• _What you need to do_
Report every line of the records beneath this task that holds the string "pixels".

• _Recorded data_
++++++++++++++++++++

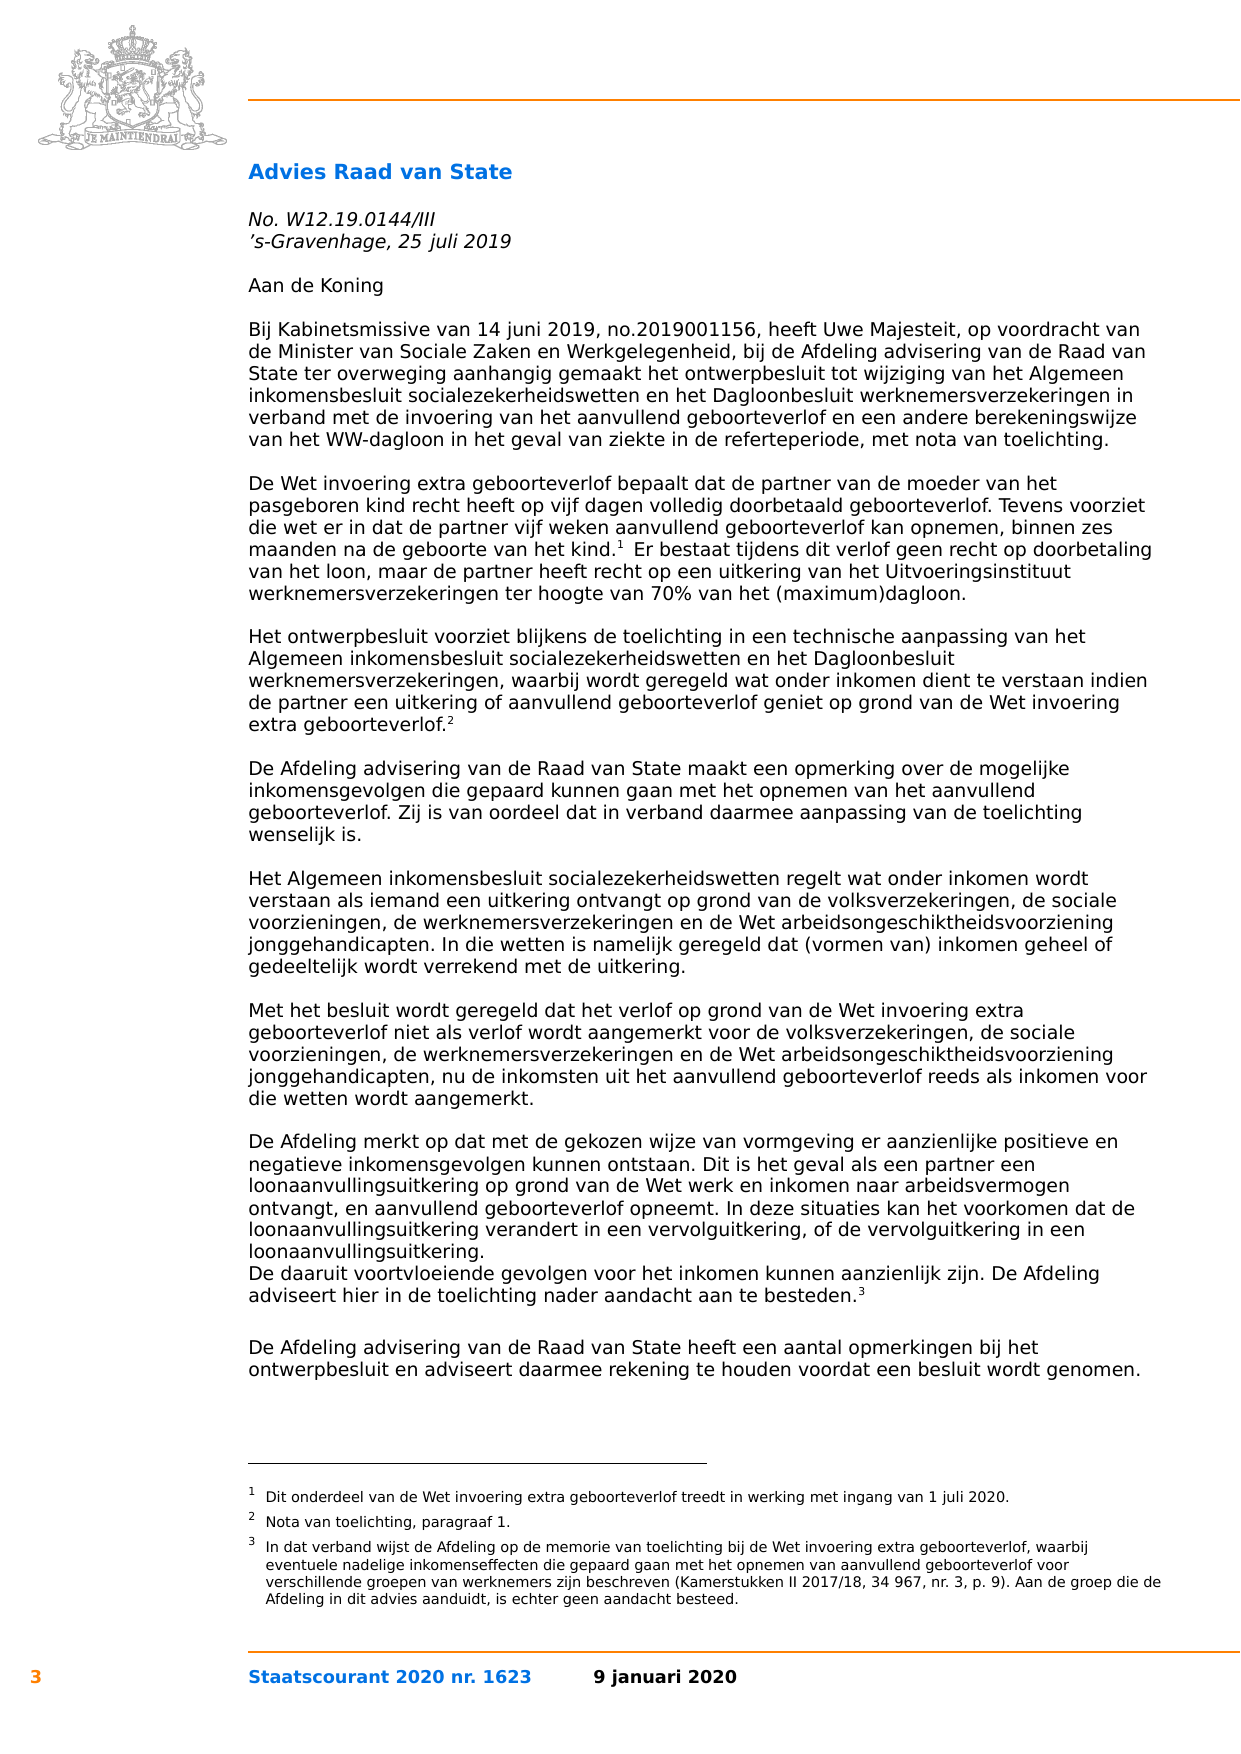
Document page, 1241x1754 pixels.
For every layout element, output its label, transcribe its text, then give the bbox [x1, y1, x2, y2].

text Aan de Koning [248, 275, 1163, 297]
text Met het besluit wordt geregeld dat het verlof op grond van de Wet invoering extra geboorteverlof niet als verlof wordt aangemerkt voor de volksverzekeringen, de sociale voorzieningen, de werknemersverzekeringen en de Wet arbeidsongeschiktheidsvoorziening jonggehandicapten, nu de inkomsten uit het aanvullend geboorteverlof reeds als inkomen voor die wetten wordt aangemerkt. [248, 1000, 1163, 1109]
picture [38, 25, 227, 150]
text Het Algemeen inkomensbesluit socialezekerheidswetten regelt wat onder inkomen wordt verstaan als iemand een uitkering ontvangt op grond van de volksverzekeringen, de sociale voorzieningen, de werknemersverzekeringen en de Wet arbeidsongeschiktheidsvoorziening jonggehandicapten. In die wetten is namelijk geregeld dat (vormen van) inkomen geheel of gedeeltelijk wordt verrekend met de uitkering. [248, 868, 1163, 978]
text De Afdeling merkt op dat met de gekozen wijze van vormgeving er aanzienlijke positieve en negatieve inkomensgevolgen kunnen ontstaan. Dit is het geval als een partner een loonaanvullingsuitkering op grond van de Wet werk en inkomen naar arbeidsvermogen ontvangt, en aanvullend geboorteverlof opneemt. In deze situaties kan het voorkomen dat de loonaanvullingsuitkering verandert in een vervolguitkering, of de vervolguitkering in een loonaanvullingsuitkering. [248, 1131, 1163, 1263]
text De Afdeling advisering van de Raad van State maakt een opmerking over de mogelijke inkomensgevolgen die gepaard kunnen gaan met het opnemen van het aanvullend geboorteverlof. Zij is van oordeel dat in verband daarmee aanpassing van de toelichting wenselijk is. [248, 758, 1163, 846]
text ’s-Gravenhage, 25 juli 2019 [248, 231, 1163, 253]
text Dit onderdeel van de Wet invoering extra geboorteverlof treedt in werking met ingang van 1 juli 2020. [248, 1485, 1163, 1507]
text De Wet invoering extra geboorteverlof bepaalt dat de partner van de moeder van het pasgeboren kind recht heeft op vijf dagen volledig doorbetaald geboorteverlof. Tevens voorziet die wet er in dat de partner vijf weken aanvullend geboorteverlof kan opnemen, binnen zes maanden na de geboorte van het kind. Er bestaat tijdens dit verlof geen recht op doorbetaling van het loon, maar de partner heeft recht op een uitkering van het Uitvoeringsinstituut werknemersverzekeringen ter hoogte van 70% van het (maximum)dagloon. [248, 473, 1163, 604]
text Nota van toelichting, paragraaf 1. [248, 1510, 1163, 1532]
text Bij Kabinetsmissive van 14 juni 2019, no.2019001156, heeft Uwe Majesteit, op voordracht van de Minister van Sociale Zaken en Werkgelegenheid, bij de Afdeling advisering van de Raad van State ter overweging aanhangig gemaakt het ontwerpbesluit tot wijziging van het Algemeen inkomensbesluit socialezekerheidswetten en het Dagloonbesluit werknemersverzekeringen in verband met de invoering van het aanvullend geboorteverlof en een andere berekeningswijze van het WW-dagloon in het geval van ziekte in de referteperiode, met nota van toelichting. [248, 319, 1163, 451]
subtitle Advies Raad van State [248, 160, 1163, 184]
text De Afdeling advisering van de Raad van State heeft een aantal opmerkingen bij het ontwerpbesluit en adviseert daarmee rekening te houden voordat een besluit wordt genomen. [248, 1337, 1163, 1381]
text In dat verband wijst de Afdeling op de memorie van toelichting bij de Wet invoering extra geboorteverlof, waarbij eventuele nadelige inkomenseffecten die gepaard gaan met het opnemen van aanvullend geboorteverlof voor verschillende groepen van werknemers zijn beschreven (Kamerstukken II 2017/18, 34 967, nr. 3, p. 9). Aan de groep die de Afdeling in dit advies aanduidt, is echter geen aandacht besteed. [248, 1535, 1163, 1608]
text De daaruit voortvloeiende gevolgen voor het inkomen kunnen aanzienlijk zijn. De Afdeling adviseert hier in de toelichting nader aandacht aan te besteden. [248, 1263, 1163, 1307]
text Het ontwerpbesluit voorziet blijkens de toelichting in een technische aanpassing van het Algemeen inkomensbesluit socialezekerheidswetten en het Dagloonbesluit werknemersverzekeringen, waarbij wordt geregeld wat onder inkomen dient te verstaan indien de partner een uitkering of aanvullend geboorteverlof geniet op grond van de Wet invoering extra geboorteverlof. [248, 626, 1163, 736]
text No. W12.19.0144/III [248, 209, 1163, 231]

++++++++++++++++++++

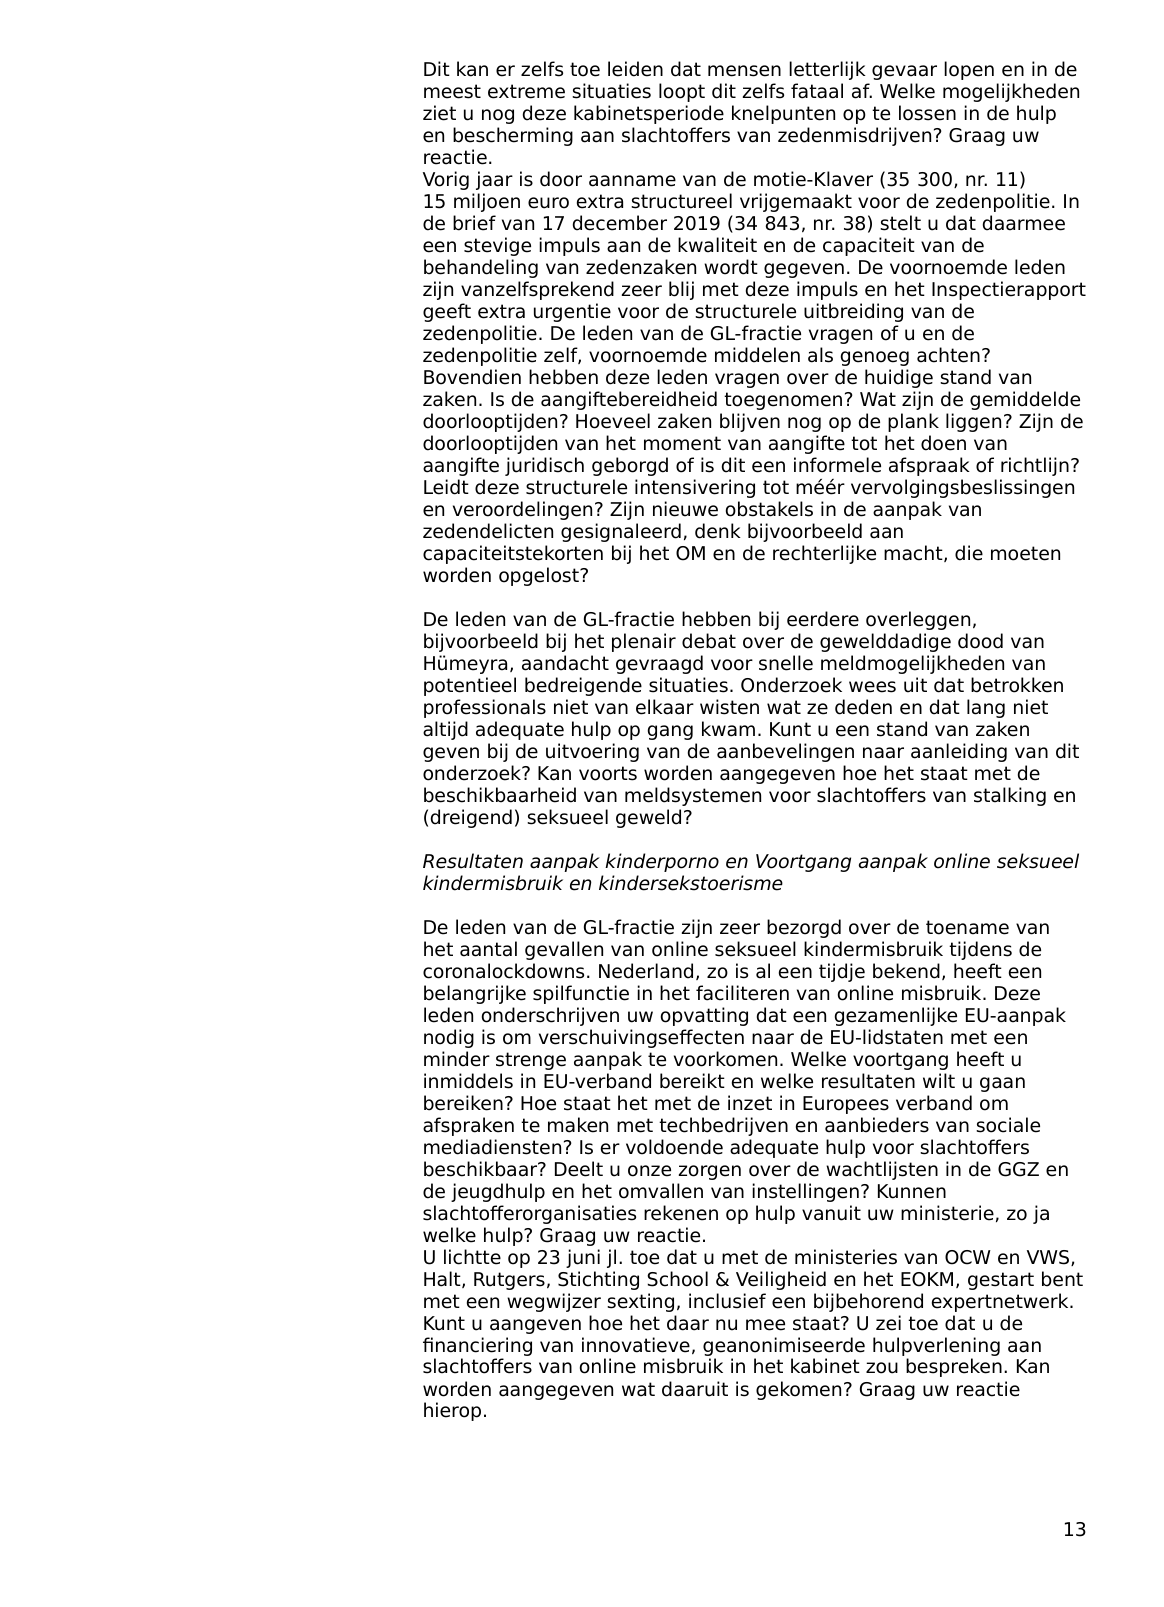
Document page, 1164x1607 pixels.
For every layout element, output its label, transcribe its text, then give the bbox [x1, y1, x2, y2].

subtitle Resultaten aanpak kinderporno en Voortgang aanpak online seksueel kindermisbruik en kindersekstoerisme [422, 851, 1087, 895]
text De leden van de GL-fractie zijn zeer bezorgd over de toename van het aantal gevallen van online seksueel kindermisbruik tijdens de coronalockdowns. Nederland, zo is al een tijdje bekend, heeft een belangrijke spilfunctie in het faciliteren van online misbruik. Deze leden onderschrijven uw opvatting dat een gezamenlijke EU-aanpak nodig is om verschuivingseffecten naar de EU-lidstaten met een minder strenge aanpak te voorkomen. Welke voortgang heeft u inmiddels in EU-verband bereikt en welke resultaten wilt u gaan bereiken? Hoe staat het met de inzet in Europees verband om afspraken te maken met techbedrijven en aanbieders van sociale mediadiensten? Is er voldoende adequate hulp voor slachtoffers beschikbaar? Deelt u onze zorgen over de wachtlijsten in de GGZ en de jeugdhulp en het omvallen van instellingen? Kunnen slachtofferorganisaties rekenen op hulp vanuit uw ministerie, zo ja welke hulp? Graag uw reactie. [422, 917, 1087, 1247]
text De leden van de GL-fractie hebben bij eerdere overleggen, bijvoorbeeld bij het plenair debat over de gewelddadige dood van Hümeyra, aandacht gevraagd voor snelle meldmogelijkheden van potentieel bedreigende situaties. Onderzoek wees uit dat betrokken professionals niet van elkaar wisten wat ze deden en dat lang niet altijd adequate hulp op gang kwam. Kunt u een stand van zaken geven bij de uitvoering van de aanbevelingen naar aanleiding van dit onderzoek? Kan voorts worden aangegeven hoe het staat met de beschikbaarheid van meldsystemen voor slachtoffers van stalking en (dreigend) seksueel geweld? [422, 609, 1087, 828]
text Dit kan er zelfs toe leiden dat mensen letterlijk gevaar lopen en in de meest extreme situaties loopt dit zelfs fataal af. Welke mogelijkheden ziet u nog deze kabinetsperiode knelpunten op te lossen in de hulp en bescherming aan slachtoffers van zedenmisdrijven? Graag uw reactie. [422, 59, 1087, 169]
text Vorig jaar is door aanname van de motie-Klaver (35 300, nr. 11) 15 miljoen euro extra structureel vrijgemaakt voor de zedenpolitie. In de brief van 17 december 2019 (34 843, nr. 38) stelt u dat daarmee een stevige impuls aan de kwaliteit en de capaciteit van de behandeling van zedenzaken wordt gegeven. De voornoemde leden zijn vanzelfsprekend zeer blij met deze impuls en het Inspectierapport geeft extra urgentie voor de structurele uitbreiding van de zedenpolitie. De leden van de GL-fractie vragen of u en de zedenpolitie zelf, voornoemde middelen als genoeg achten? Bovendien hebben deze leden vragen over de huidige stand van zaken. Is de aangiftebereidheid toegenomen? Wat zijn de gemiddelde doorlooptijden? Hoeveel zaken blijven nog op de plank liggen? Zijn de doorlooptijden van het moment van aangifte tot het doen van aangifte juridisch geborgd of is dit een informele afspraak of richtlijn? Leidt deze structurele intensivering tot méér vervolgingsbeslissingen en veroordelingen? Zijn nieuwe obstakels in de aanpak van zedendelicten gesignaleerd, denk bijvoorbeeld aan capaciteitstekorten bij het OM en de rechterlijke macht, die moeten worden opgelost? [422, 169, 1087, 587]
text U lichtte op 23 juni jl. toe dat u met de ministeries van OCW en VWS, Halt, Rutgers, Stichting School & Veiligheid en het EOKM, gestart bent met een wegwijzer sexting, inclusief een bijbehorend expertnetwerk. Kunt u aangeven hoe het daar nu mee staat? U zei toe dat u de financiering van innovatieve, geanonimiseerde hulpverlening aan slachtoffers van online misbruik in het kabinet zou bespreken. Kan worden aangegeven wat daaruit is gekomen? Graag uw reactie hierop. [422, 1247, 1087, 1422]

++++++++++++++++++++

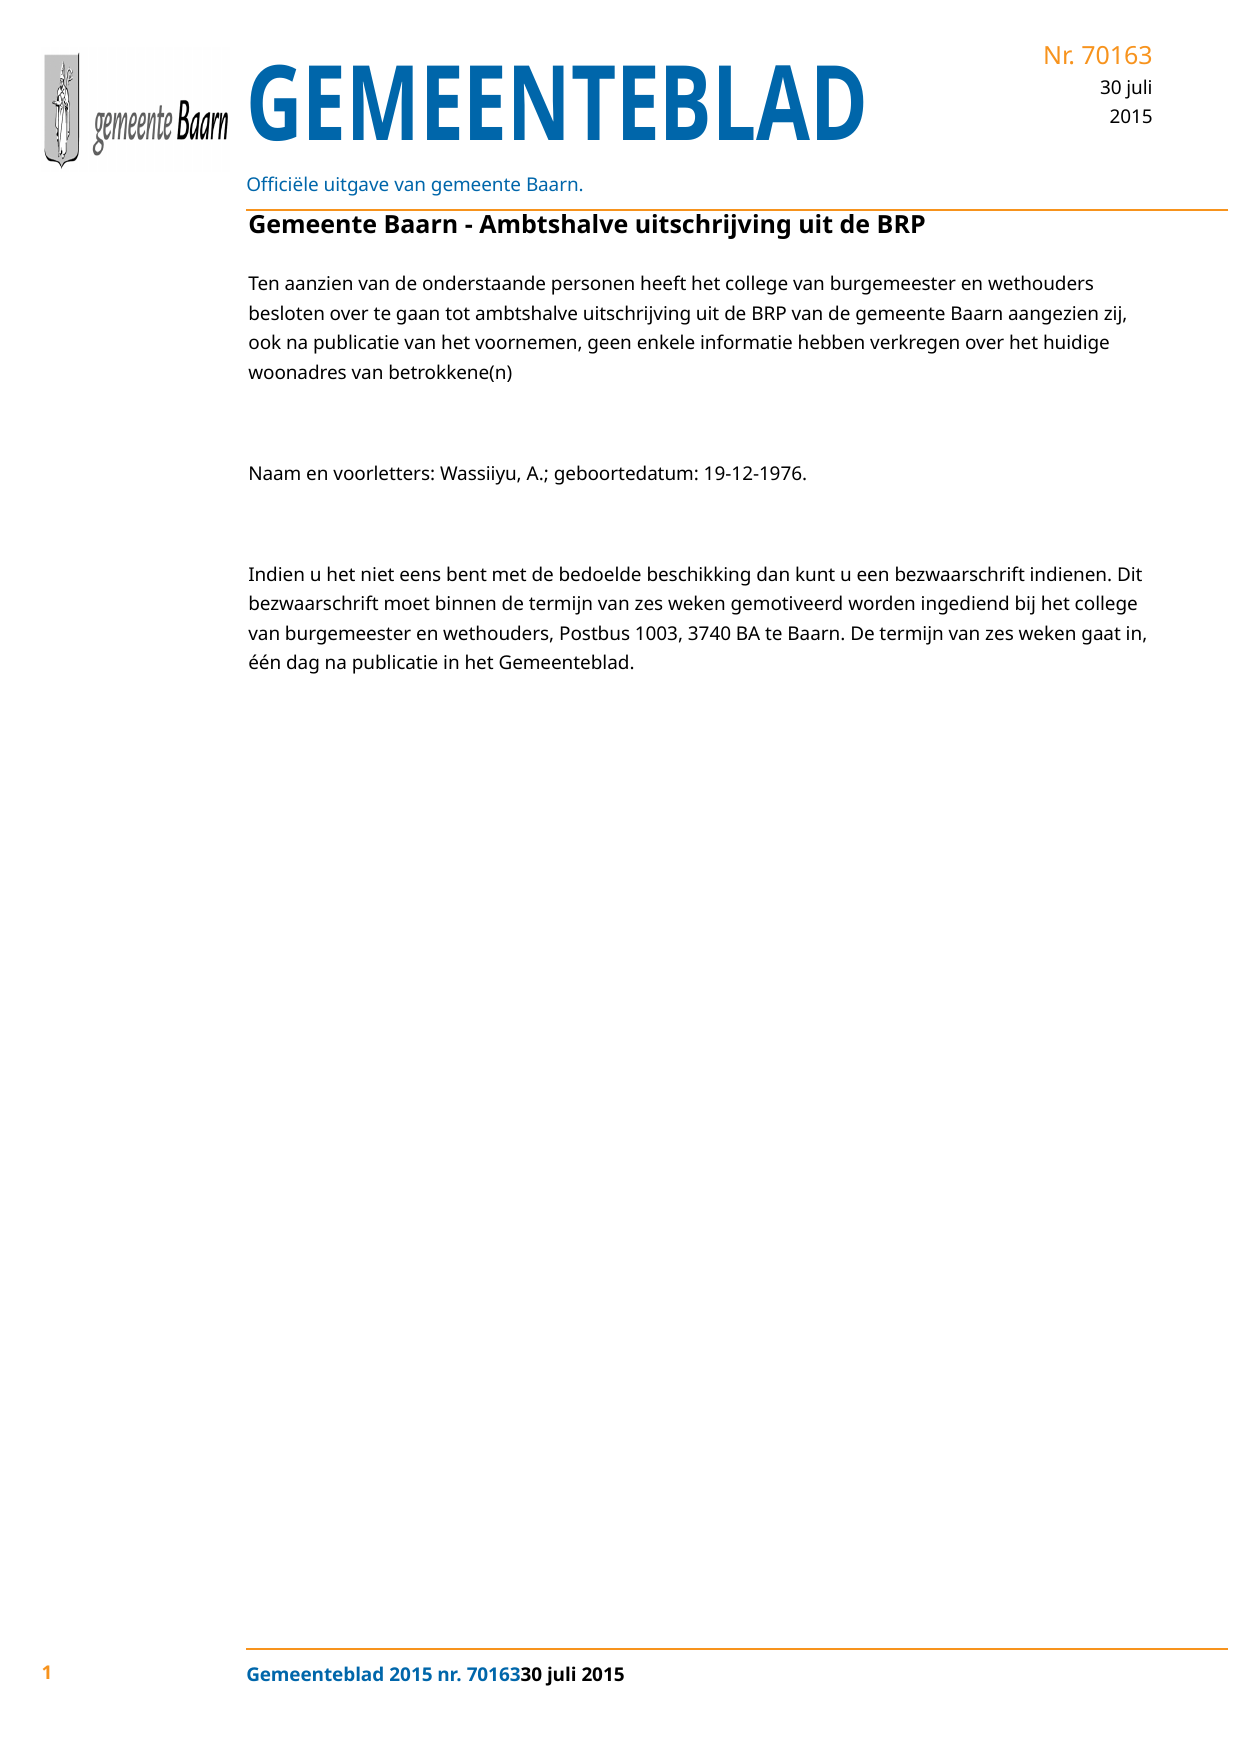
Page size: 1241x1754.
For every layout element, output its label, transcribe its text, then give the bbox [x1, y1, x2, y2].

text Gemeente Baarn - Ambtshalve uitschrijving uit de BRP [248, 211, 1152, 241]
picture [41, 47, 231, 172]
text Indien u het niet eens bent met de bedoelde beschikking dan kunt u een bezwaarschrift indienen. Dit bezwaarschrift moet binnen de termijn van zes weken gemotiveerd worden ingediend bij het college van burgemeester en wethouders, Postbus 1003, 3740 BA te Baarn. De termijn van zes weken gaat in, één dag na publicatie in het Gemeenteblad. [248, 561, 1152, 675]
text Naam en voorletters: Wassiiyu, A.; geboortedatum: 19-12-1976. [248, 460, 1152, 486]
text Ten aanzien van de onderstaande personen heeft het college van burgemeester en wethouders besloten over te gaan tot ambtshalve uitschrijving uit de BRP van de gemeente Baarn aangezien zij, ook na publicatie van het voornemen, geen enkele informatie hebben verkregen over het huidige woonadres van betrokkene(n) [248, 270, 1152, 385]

++++++++++++++++++++

• _Answer area_
Document page, 1241x1754 pixels.
Document page, 1164x1607 pixels.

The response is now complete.